(Beginning of Records shown)

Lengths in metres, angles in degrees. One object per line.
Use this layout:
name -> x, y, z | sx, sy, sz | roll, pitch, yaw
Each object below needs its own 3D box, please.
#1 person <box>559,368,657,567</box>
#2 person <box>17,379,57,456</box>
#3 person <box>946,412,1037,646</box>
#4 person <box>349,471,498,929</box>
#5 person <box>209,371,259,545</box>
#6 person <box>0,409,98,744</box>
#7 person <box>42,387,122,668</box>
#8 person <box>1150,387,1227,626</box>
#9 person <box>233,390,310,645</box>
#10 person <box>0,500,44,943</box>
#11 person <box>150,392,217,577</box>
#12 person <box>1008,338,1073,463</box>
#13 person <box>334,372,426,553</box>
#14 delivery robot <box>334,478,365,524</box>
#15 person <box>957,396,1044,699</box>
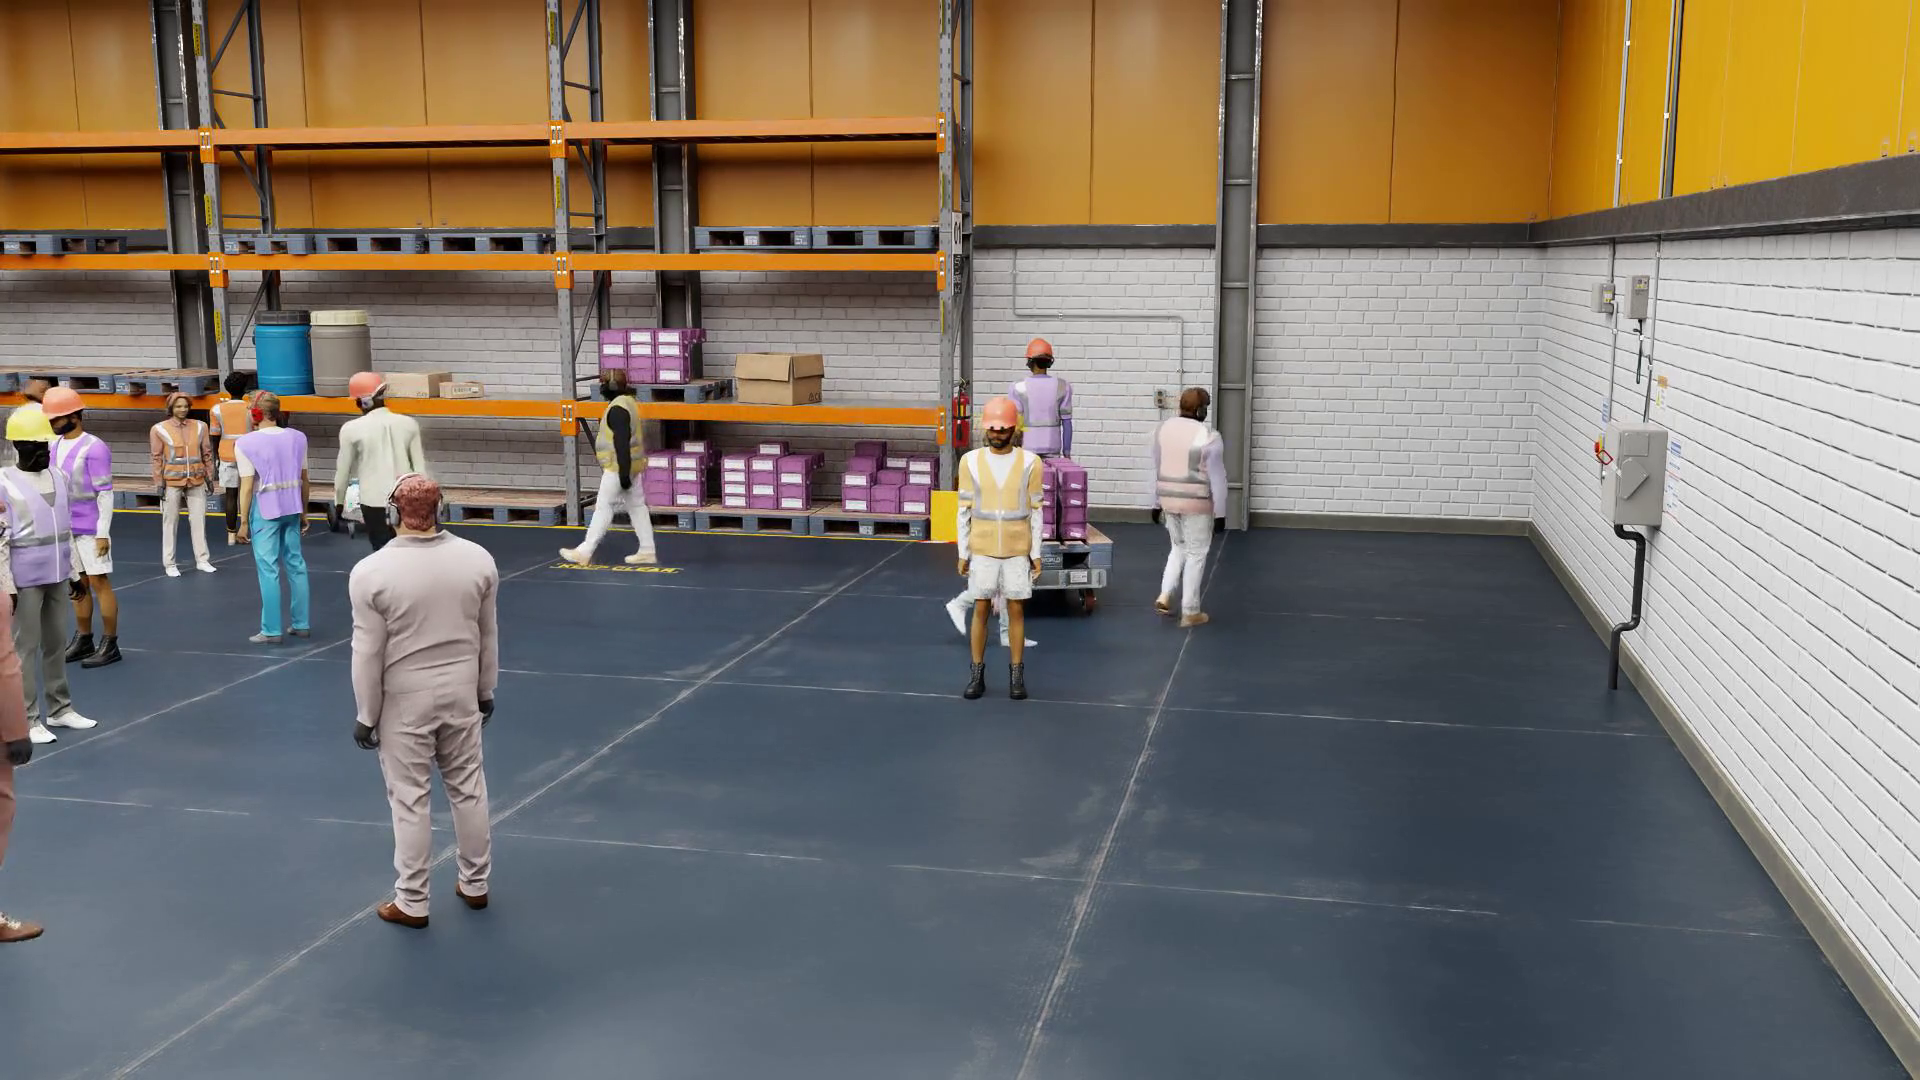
person -> -3.199, -0.653, 15.085 | 0.897, 1.799, 0.642 | 0, 10, -1
person -> -9.324, -0.829, 16.796 | 0.562, 1.574, 0.873 | 3, 10, 18
person -> 0.239, -0.077, 11.919 | 0.584, 1.727, 0.482 | 0, 10, 0
person -> -2.248, 0.672, 6.980 | 0.403, 1.911, 0.657 | 9, 13, 44
person -> -7.000, -0.791, 16.209 | 0.540, 1.696, 0.316 | -1, 10, -8
person -> -5.336, 0.201, 9.652 | 0.364, 1.928, 0.586 | 2, 10, 14
person -> -6.019, -0.085, 11.347 | 0.542, 1.927, 0.382 | 5, 11, 27
person -> 1.745, -0.249, 12.609 | 0.653, 1.827, 0.450 | 9, 13, 44
person -> -4.952, -0.161, 12.038 | 0.380, 1.844, 0.570 | 6, 11, 31
person -> -4.124, 0.718, 6.803 | 0.787, 1.866, 0.397 | 4, 10, 21
person -> -6.836, -0.493, 14.646 | 0.318, 1.630, 0.512 | 9, 13, 43
person -> 0.745, -0.867, 15.634 | 0.615, 2.042, 0.376 | -1, 10, -7
person -> -4.402, -0.302, 12.611 | 0.628, 1.927, 0.984 | -9, 13, -44
delivery robot -> -6.097, -0.380, 16.852 | 0.477, 0.478, 0.707 | -7, 11, -32
person -> 0.253, 0.056, 10.486 | 0.551, 1.932, 0.376 | 1, 10, 3

(End of Records shown)

◆ **Exercise goal**:
Please set the records down again exactly as written. The pictures should not be included.

◆ **Solution**:
Lengths in metres, angles in degrees. One object per line.
Use this layout:
name -> x, y, z | sx, sy, sz | roll, pitch, yaw
Each object below needs its own 3D box, please.
#1 person <box>559,368,657,567</box>
#2 person <box>17,379,57,456</box>
#3 person <box>946,412,1037,646</box>
#4 person <box>349,471,498,929</box>
#5 person <box>209,371,259,545</box>
#6 person <box>0,409,98,744</box>
#7 person <box>42,387,122,668</box>
#8 person <box>1150,387,1227,626</box>
#9 person <box>233,390,310,645</box>
#10 person <box>0,500,44,943</box>
#11 person <box>150,392,217,577</box>
#12 person <box>1008,338,1073,463</box>
#13 person <box>334,372,426,553</box>
#14 delivery robot <box>334,478,365,524</box>
#15 person <box>957,396,1044,699</box>
person -> -3.199, -0.653, 15.085 | 0.897, 1.799, 0.642 | 0, 10, -1
person -> -9.324, -0.829, 16.796 | 0.562, 1.574, 0.873 | 3, 10, 18
person -> 0.239, -0.077, 11.919 | 0.584, 1.727, 0.482 | 0, 10, 0
person -> -2.248, 0.672, 6.980 | 0.403, 1.911, 0.657 | 9, 13, 44
person -> -7.000, -0.791, 16.209 | 0.540, 1.696, 0.316 | -1, 10, -8
person -> -5.336, 0.201, 9.652 | 0.364, 1.928, 0.586 | 2, 10, 14
person -> -6.019, -0.085, 11.347 | 0.542, 1.927, 0.382 | 5, 11, 27
person -> 1.745, -0.249, 12.609 | 0.653, 1.827, 0.450 | 9, 13, 44
person -> -4.952, -0.161, 12.038 | 0.380, 1.844, 0.570 | 6, 11, 31
person -> -4.124, 0.718, 6.803 | 0.787, 1.866, 0.397 | 4, 10, 21
person -> -6.836, -0.493, 14.646 | 0.318, 1.630, 0.512 | 9, 13, 43
person -> 0.745, -0.867, 15.634 | 0.615, 2.042, 0.376 | -1, 10, -7
person -> -4.402, -0.302, 12.611 | 0.628, 1.927, 0.984 | -9, 13, -44
delivery robot -> -6.097, -0.380, 16.852 | 0.477, 0.478, 0.707 | -7, 11, -32
person -> 0.253, 0.056, 10.486 | 0.551, 1.932, 0.376 | 1, 10, 3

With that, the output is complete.